Opinion

Principles for principals

Good news, Stuyvesant HS cheaters: Your new principal sees nothing amiss at your school — despite a massive cheating scandal recently that involved 71 students.

And despite reports in The Post from Stuyvesant sources, including students, of a serious “culture of cheating” at the school.

No, obviously, this is terrible news — even for the cheaters. Because if new principal Jie Zhang doesn’t end that twisted mindset fast, she won’t be doing the kids, the school or anyone else any favors.

First, as they say, she needs to recognize the problem. “I have not been made aware or have a reason to believe there is ongoing cheating there,” she says.

Willful blindness? As one source told The Post, “Everybody cheats all the time — on homework, on tests, on everything.”

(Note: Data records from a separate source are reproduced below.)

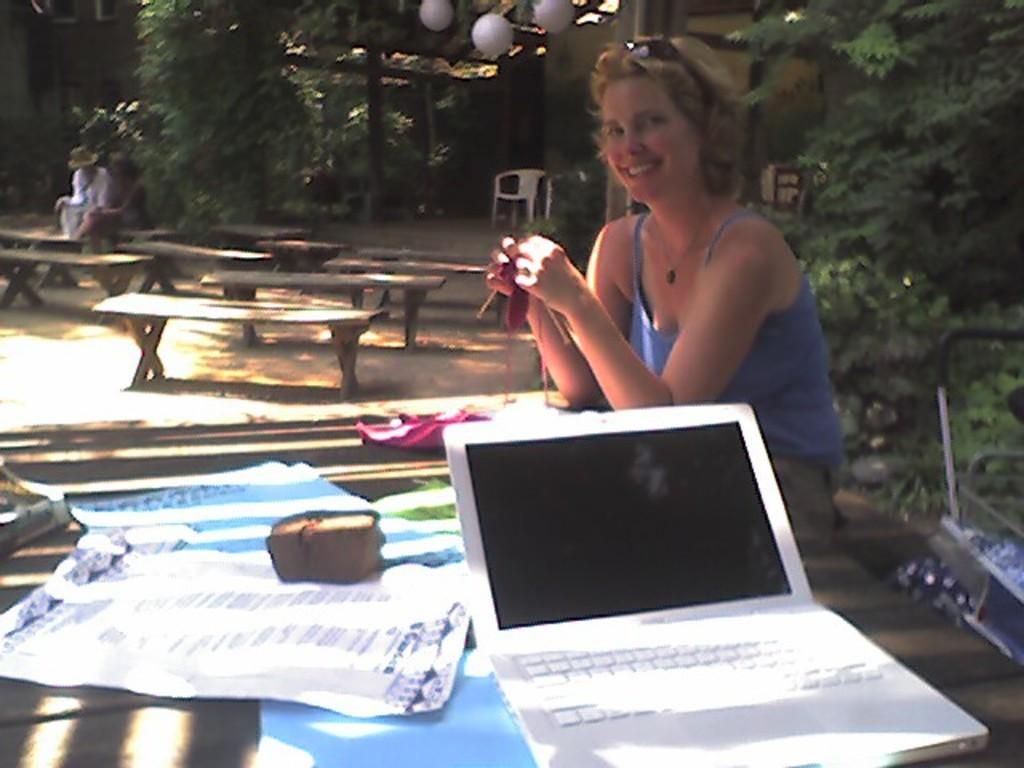Who is present in the image? There is a woman in the image. What is the woman doing in the image? The woman is smiling. What object is on the table in the image? There is a laptop on the table. What can be seen in the background of the image? There are trees and benches in the background of the image. What time of day is it in the image, considering the woman's digestion? There is no information about the time of day or the woman's digestion in the image, so it cannot be determined from the image. 
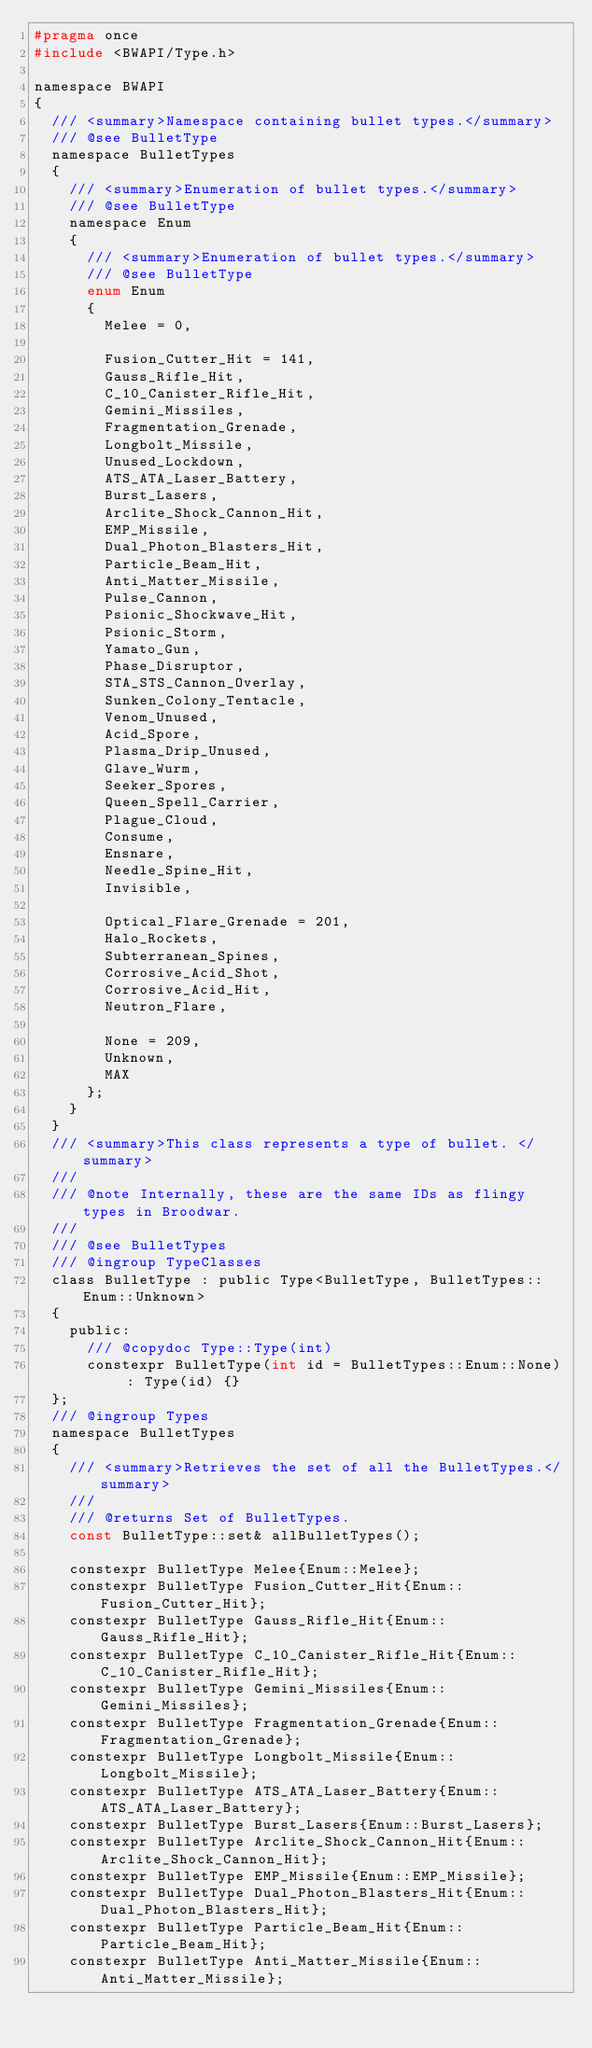<code> <loc_0><loc_0><loc_500><loc_500><_C_>#pragma once
#include <BWAPI/Type.h>

namespace BWAPI
{
  /// <summary>Namespace containing bullet types.</summary>
  /// @see BulletType
  namespace BulletTypes
  {
    /// <summary>Enumeration of bullet types.</summary>
    /// @see BulletType
    namespace Enum
    {
      /// <summary>Enumeration of bullet types.</summary>
      /// @see BulletType
      enum Enum
      {
        Melee = 0,

        Fusion_Cutter_Hit = 141,
        Gauss_Rifle_Hit,
        C_10_Canister_Rifle_Hit,
        Gemini_Missiles,
        Fragmentation_Grenade,
        Longbolt_Missile,
        Unused_Lockdown,
        ATS_ATA_Laser_Battery,
        Burst_Lasers,
        Arclite_Shock_Cannon_Hit,
        EMP_Missile,
        Dual_Photon_Blasters_Hit,
        Particle_Beam_Hit,
        Anti_Matter_Missile,
        Pulse_Cannon,
        Psionic_Shockwave_Hit,
        Psionic_Storm,
        Yamato_Gun,
        Phase_Disruptor,
        STA_STS_Cannon_Overlay,
        Sunken_Colony_Tentacle,
        Venom_Unused,
        Acid_Spore,
        Plasma_Drip_Unused,
        Glave_Wurm,
        Seeker_Spores,
        Queen_Spell_Carrier,
        Plague_Cloud,
        Consume,
        Ensnare,
        Needle_Spine_Hit,
        Invisible,

        Optical_Flare_Grenade = 201,
        Halo_Rockets,
        Subterranean_Spines,
        Corrosive_Acid_Shot,
        Corrosive_Acid_Hit,
        Neutron_Flare,

        None = 209,
        Unknown,
        MAX
      };
    }
  }
  /// <summary>This class represents a type of bullet. </summary>
  ///
  /// @note Internally, these are the same IDs as flingy types in Broodwar.
  ///
  /// @see BulletTypes
  /// @ingroup TypeClasses
  class BulletType : public Type<BulletType, BulletTypes::Enum::Unknown>
  {
    public:
      /// @copydoc Type::Type(int)
      constexpr BulletType(int id = BulletTypes::Enum::None) : Type(id) {}
  };
  /// @ingroup Types
  namespace BulletTypes
  {
    /// <summary>Retrieves the set of all the BulletTypes.</summary>
    ///
    /// @returns Set of BulletTypes.
    const BulletType::set& allBulletTypes();

    constexpr BulletType Melee{Enum::Melee};
    constexpr BulletType Fusion_Cutter_Hit{Enum::Fusion_Cutter_Hit};
    constexpr BulletType Gauss_Rifle_Hit{Enum::Gauss_Rifle_Hit};
    constexpr BulletType C_10_Canister_Rifle_Hit{Enum::C_10_Canister_Rifle_Hit};
    constexpr BulletType Gemini_Missiles{Enum::Gemini_Missiles};
    constexpr BulletType Fragmentation_Grenade{Enum::Fragmentation_Grenade};
    constexpr BulletType Longbolt_Missile{Enum::Longbolt_Missile};
    constexpr BulletType ATS_ATA_Laser_Battery{Enum::ATS_ATA_Laser_Battery};
    constexpr BulletType Burst_Lasers{Enum::Burst_Lasers};
    constexpr BulletType Arclite_Shock_Cannon_Hit{Enum::Arclite_Shock_Cannon_Hit};
    constexpr BulletType EMP_Missile{Enum::EMP_Missile};
    constexpr BulletType Dual_Photon_Blasters_Hit{Enum::Dual_Photon_Blasters_Hit};
    constexpr BulletType Particle_Beam_Hit{Enum::Particle_Beam_Hit};
    constexpr BulletType Anti_Matter_Missile{Enum::Anti_Matter_Missile};</code>

As recent Stuyvesant grad Daniel Solomon reported on these pages, a school-newspaper survey found some 90 percent of seniors had advance knowledge of test questions and 5 percent ’fess up to cheating on SATs and AP exams.

Either Zhang has some quick learning to do — or she finds the scams tolerable.

Neither bodes well for the school.

Or perhaps she’s just taking cues from the Department of Education, which let off six of the 71 cheaters with just suspensions and the other 65 with no penalties at all.

The DOE wouldn’t even expel ringleader Nayeem Ahsan, who used his cellphone to photograph and distribute a Spanish exam.

It was encouraging that long-time principal Stanley Teitel left after the scandal broke. But what will that have accomplished if Zhang carries on his tradition?

Let’s face it. Eventually, cheating is likely to catch up with kids sometime in their lives, and the school’s sterling rep will fade.

That wouldn’t be a mere scandal — but a full-blown tragedy.